→ **Data records**:
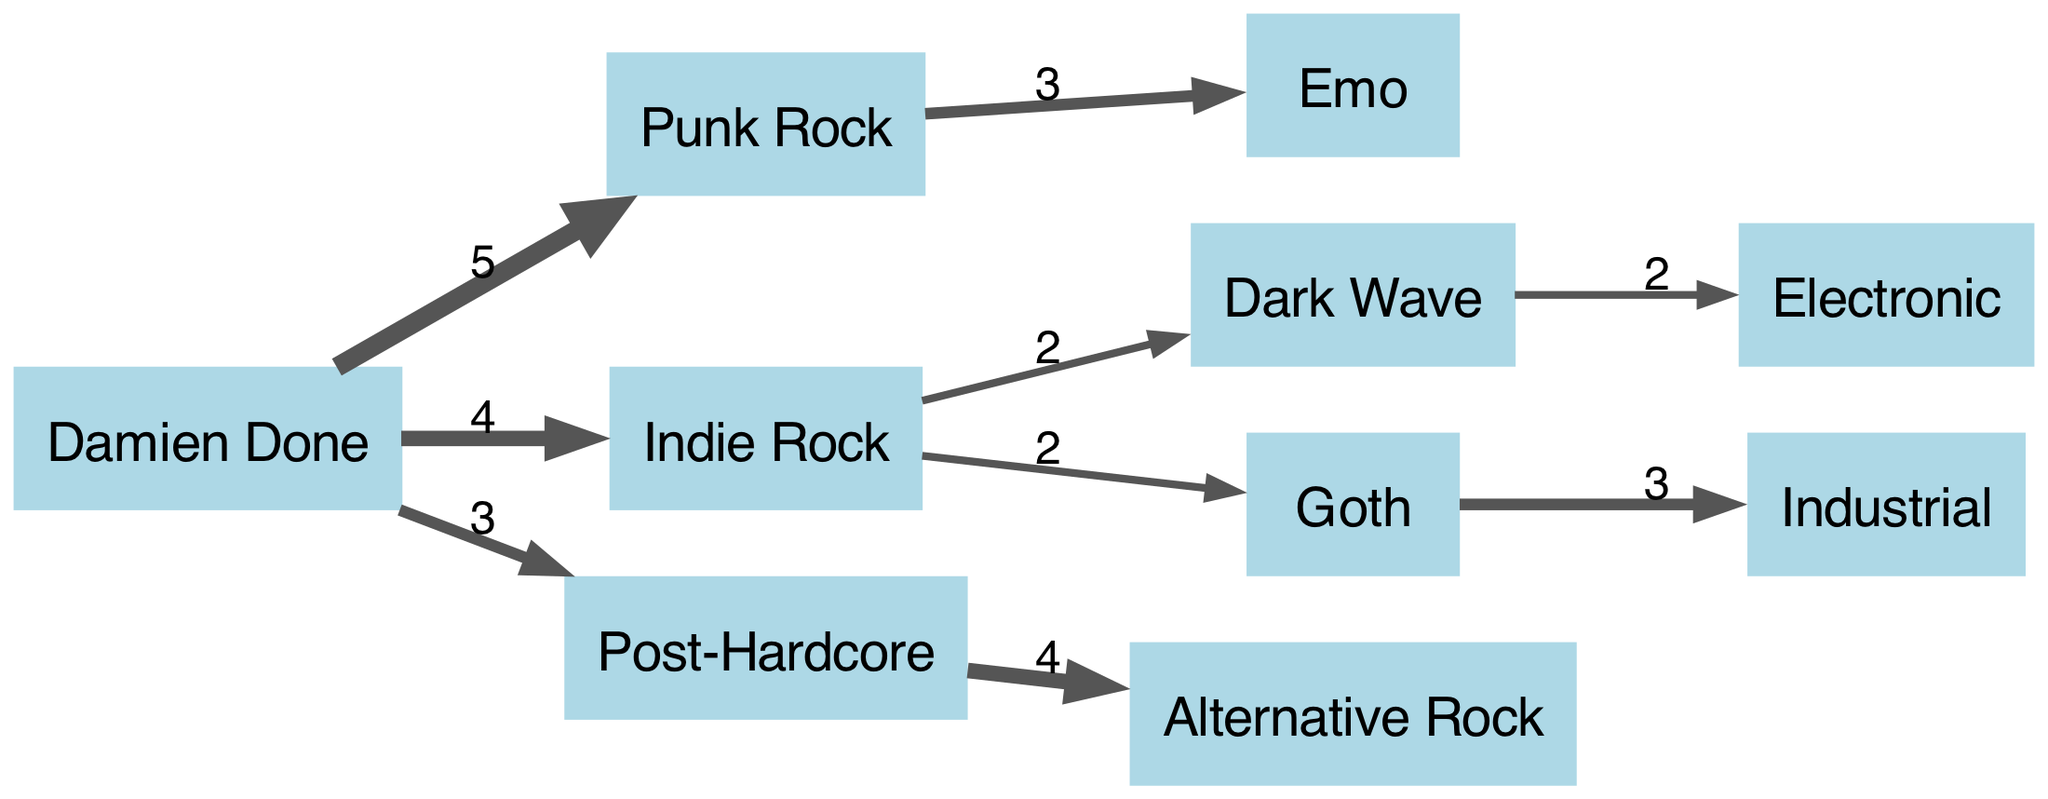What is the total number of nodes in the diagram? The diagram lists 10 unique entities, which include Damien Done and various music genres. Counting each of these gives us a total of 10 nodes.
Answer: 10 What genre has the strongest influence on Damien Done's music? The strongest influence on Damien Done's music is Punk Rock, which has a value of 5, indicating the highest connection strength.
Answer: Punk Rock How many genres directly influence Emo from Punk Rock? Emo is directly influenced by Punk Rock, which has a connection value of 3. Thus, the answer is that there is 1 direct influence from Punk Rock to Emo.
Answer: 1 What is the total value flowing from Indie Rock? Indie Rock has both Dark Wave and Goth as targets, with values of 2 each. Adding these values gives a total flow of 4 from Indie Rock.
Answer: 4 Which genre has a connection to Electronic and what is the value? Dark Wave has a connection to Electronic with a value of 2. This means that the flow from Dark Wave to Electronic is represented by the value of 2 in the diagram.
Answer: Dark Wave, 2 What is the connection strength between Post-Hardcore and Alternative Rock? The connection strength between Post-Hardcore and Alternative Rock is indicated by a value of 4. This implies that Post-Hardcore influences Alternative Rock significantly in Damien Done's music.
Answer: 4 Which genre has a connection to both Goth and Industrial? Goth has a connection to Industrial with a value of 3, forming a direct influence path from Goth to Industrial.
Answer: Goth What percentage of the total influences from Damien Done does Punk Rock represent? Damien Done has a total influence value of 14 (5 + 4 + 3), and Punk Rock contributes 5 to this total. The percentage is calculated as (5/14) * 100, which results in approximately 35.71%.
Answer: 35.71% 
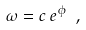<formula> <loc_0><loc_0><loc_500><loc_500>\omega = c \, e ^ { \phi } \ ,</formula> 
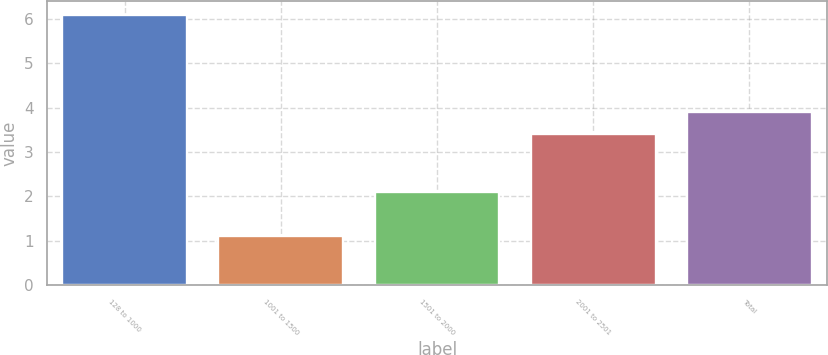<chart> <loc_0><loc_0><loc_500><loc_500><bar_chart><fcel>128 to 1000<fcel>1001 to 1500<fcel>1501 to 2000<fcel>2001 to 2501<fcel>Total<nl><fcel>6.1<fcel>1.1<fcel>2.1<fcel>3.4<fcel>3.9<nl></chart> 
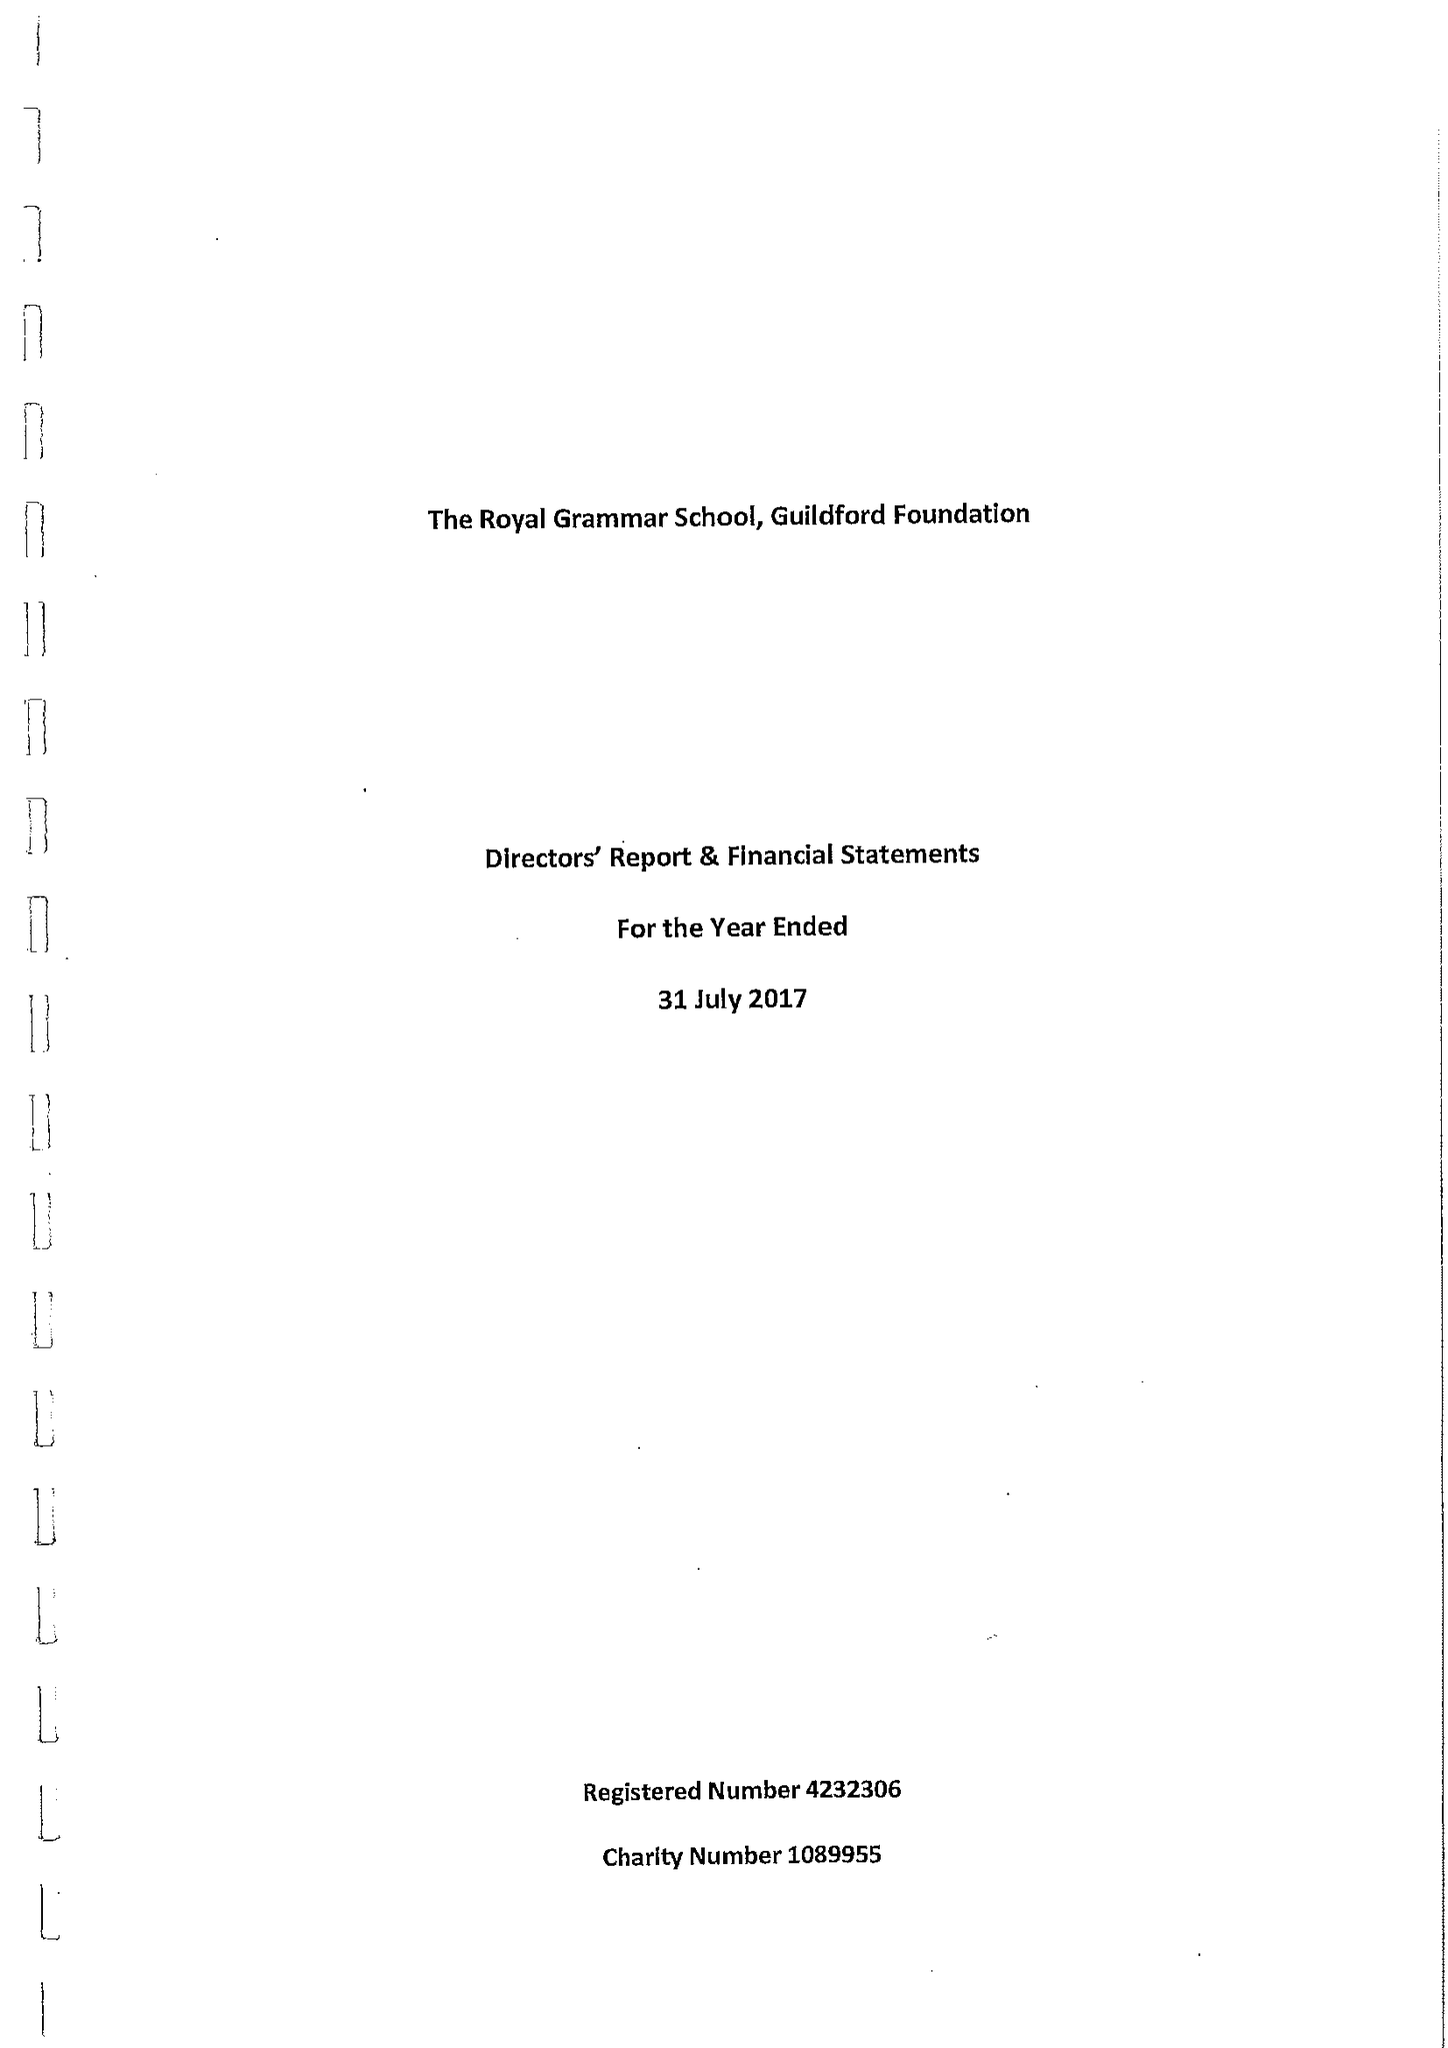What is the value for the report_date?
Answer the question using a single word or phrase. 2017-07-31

→ **WHAT TO PRODUCE**:
An exact copy of the entries above is required; pictures are not part of it.

→ **SOLUTION FOR THIS PROBLEM**:
What is the total number of nodes in the diagram? The diagram lists 10 unique entities, which include Damien Done and various music genres. Counting each of these gives us a total of 10 nodes.
Answer: 10 What genre has the strongest influence on Damien Done's music? The strongest influence on Damien Done's music is Punk Rock, which has a value of 5, indicating the highest connection strength.
Answer: Punk Rock How many genres directly influence Emo from Punk Rock? Emo is directly influenced by Punk Rock, which has a connection value of 3. Thus, the answer is that there is 1 direct influence from Punk Rock to Emo.
Answer: 1 What is the total value flowing from Indie Rock? Indie Rock has both Dark Wave and Goth as targets, with values of 2 each. Adding these values gives a total flow of 4 from Indie Rock.
Answer: 4 Which genre has a connection to Electronic and what is the value? Dark Wave has a connection to Electronic with a value of 2. This means that the flow from Dark Wave to Electronic is represented by the value of 2 in the diagram.
Answer: Dark Wave, 2 What is the connection strength between Post-Hardcore and Alternative Rock? The connection strength between Post-Hardcore and Alternative Rock is indicated by a value of 4. This implies that Post-Hardcore influences Alternative Rock significantly in Damien Done's music.
Answer: 4 Which genre has a connection to both Goth and Industrial? Goth has a connection to Industrial with a value of 3, forming a direct influence path from Goth to Industrial.
Answer: Goth What percentage of the total influences from Damien Done does Punk Rock represent? Damien Done has a total influence value of 14 (5 + 4 + 3), and Punk Rock contributes 5 to this total. The percentage is calculated as (5/14) * 100, which results in approximately 35.71%.
Answer: 35.71% 
<formula> <loc_0><loc_0><loc_500><loc_500>\omega = c \, e ^ { \phi } \ ,</formula> 
<chart> <loc_0><loc_0><loc_500><loc_500><bar_chart><fcel>128 to 1000<fcel>1001 to 1500<fcel>1501 to 2000<fcel>2001 to 2501<fcel>Total<nl><fcel>6.1<fcel>1.1<fcel>2.1<fcel>3.4<fcel>3.9<nl></chart> 
What is the value for the report_date?
Answer the question using a single word or phrase. 2017-07-31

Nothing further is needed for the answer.